• _Excerpted records_
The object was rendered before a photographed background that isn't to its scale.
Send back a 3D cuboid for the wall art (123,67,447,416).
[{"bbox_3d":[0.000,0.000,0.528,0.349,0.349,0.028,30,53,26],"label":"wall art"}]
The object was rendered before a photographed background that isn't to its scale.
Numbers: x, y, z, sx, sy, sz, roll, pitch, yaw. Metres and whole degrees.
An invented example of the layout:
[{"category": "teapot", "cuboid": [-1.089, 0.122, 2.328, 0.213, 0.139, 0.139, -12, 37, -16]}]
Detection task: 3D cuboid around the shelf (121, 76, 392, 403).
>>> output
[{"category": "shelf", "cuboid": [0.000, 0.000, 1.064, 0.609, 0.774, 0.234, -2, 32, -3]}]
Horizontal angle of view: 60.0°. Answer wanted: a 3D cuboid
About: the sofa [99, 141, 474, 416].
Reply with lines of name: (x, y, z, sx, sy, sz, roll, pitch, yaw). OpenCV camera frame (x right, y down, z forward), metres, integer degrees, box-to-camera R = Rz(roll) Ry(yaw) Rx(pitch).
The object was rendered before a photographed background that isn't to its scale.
---
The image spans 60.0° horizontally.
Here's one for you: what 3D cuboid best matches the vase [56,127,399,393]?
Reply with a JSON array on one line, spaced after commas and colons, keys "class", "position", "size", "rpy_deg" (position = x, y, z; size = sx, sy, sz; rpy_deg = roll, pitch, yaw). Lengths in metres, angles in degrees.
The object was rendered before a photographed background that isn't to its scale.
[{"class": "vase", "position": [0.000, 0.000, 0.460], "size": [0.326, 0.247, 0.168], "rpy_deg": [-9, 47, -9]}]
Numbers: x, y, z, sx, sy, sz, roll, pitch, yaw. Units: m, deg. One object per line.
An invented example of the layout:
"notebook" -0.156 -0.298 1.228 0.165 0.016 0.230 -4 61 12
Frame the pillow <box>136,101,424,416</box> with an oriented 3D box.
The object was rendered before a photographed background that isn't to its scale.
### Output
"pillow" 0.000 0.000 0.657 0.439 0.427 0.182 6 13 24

• _Description of the task_
Only a number belongs in the answer: the number of lines in the preceding data that hold "with".

• _Finished task_
3